David Baugh feels he has a good shot at playing big-time college basketball.
As a 6-foot-5-inch forward on the Turner-Carroll High School basketball team, he has had the opportunity to impress college scouts because the school is a basketball powerhouse and went to the state championship last season while compiling a 21-6 record.
But David said Turner-Carroll means more to him than basketball and if eliminating the sport would help keep the school open, he would favor it.
"I would stay here even if they dropped basketball," he said Friday.
But as it is, he and other teammates are talking about transferring to St. Joseph's Collegiate Institute or Canisius High School. Prospects that Turner-Carroll will reopen in the fall do not appear good, after the Diocese of Buffalo announced it was being forced to eliminate the $550,000 annual subsidy it provides the school.
Still, there was a lot of talk -- or perhaps wishful thinking -- of "miracles" and "guardian angels" Friday by those hoping to come up with a way to keep the school open.
More ideas will be discussed during a meeting of parents at noon today at the school.
With tuition of $3,900 a year, compared to about $6,000 at some other Catholic schools, Turner-Carroll presented a reasonably priced alternative for inner-city families who like its small class sizes and tougher discipline than in public schools.
James A. Bryant Jr., a self-described "concerned grandparent" and school activist, said the announcement caught him and many others by surprise.
"We deserve at least a year to try to turn things around," he said, adding the diocese should continue its support "because it's the right thing to do.

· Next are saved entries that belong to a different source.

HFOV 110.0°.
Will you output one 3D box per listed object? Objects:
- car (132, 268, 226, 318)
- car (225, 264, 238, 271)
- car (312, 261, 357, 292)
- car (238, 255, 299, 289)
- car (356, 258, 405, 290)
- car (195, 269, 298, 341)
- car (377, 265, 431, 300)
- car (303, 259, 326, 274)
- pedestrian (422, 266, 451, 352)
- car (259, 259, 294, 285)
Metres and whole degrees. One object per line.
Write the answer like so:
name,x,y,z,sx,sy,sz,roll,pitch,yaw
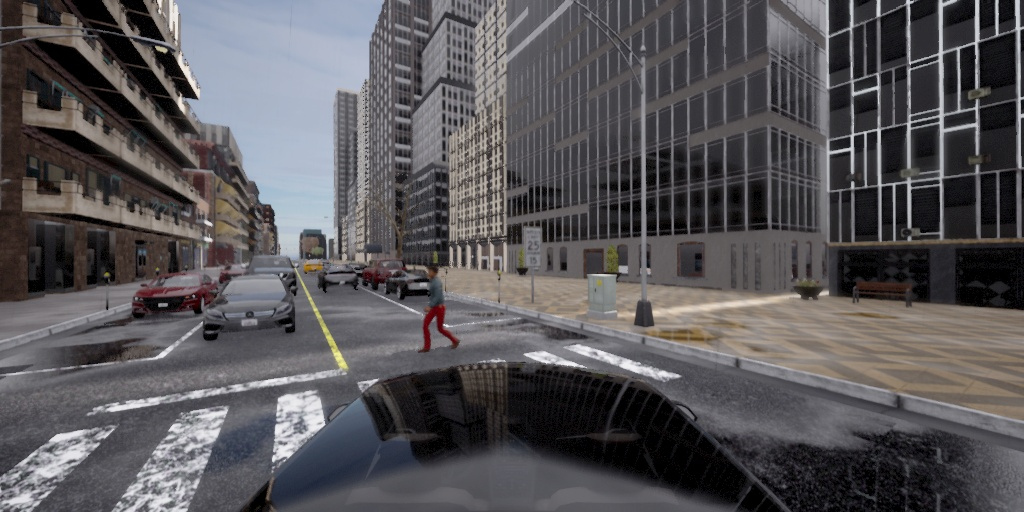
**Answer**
car,-12.124,1.294,13.145,1.888,1.381,4.507,0,0,-32
car,-20.870,1.298,27.216,1.888,1.381,4.507,0,0,-32
car,-10.530,1.239,21.548,2.128,1.511,4.902,0,0,-32
car,-12.496,0.970,18.635,2.150,2.045,5.566,0,0,-32
car,-7.921,1.061,22.258,2.192,1.841,5.009,0,0,-32
car,-7.255,1.274,10.214,1.812,1.442,4.674,0,0,-32
car,-5.005,1.311,17.567,1.948,1.339,4.313,0,0,-32
car,-23.635,1.235,42.597,1.882,1.535,5.008,0,0,-32
pedestrian,-1.569,1.041,7.435,0.375,1.860,0.375,0,0,-32
car,-17.927,1.104,27.368,2.097,1.767,4.553,0,0,-33
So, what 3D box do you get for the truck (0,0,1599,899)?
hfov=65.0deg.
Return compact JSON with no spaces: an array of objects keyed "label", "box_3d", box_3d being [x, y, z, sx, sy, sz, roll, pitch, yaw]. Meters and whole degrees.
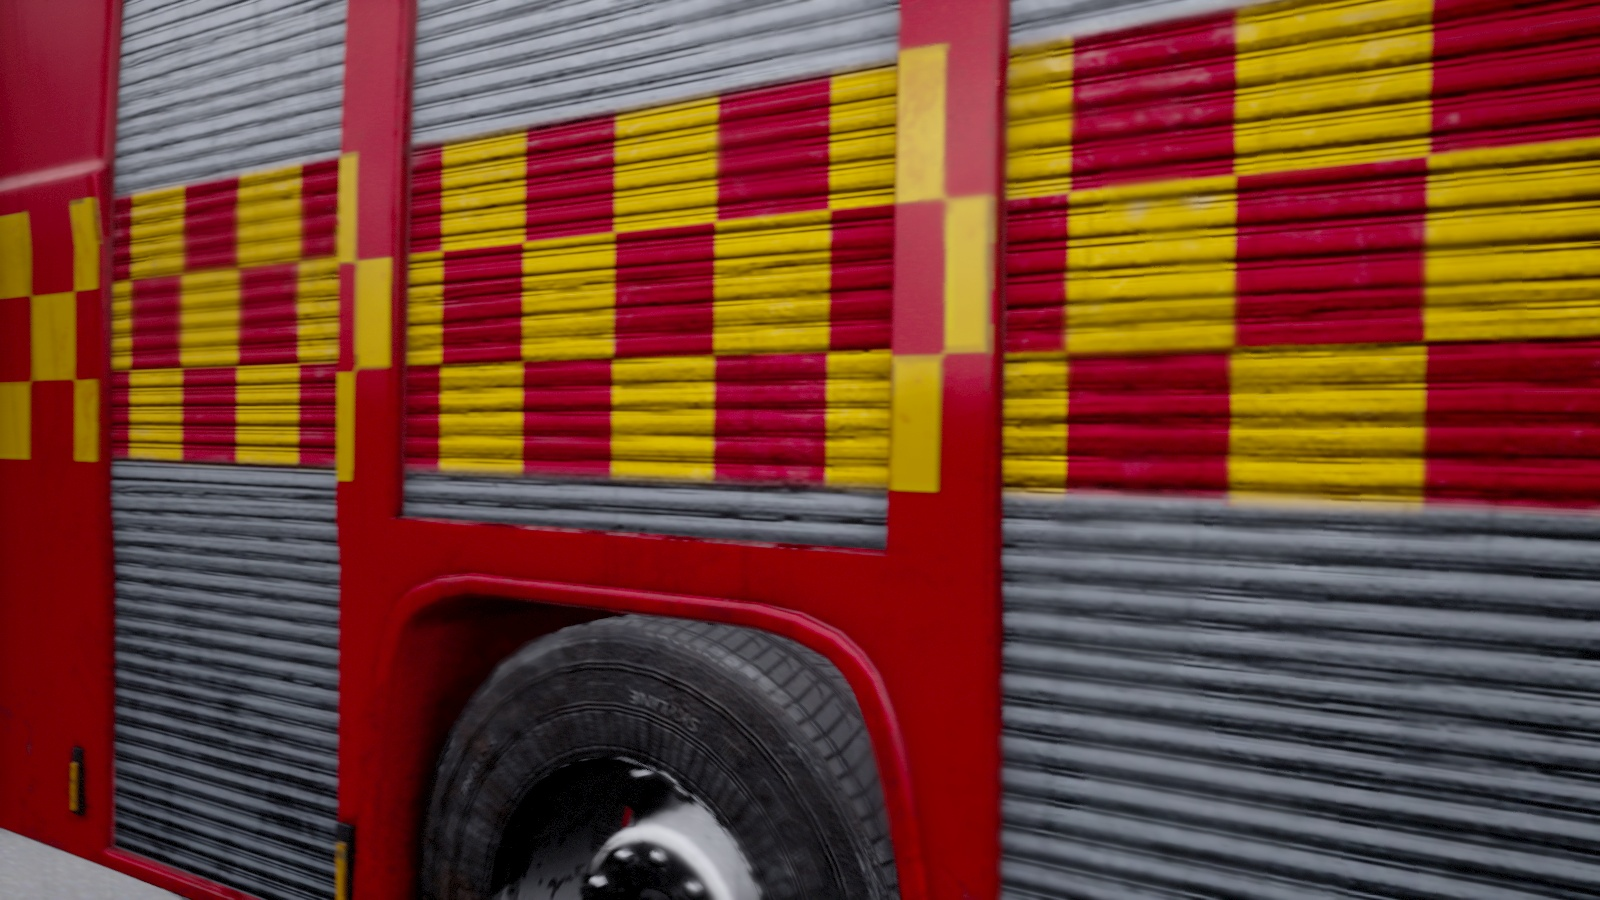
[{"label":"truck","box_3d":[-1.867,-0.482,4.843,8.468,3.827,2.891,0,1,34]}]
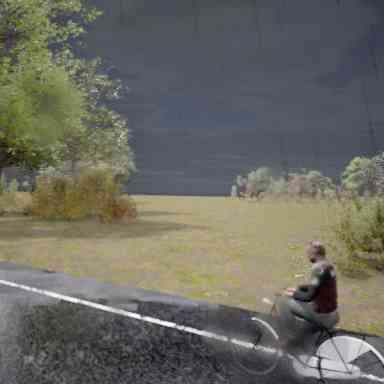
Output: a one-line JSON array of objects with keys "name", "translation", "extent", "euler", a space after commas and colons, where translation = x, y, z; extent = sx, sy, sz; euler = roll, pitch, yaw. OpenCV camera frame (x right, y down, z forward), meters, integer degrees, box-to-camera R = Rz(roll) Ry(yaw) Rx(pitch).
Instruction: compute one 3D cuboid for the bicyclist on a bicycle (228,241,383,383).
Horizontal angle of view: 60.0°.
[{"name": "bicyclist on a bicycle", "translation": [1.250, 1.454, 3.937], "extent": [1.843, 1.776, 0.659], "euler": [0, -1, 32]}]

It's not like they are pouring in money and not getting any results. A lot of our kids go to college."
But Kevin Keenan, spokesman for the diocese, said the decision was not unexpected.
"There have been ongoing discussions with the (Turner-Carroll) board of trustees about the financial position of the school," he said. "It was up to the board to communicate to the parents."
John Langer, president of the board of trustees, could not be reached to comment Friday.
Marcia O'Neil-White, interim principal, said school officials are hoping for more time.
"There's always hope," she said. "We feel good about what we do here and want to keep doing it."
David, the sophomore basketball player, was walking out of the school as O'Neil-White spoke, and they hugged briefly.
"I like her," David said later. "She's been put in a tough spot."
Brian Perez, a sophomore, said he remains hopeful. "Miracles do happen," he said.
Corey Anderson, also a sophomore, credited the school with helping him turn himself around. He said his grades were in the 70s last year in a public school, but now he has an 87 average. "The smaller class sizes really help," he said.
"We're all friends and family," said sophomore Donald Jemison. "People should help us. We're the future."
"I'm upset, hurt and a little mad," said Tajuanya Davis, who is completing her junior year and now fears she won't be able to graduate from Turner-Carroll.
The diocese's Keenan said Turner-Carroll was receiving more aid than any other of the 17 high schools in the diocese.
Turner-Carroll was formed in 1984 by the merger of Bishop Turner, an all-boys school, and Archbishop Carroll, which had all girls. In 1985, its enrollment stood at 545.
Since last year, enrollment has dropped from 139 to the current 99, 72 boys and 27 girls.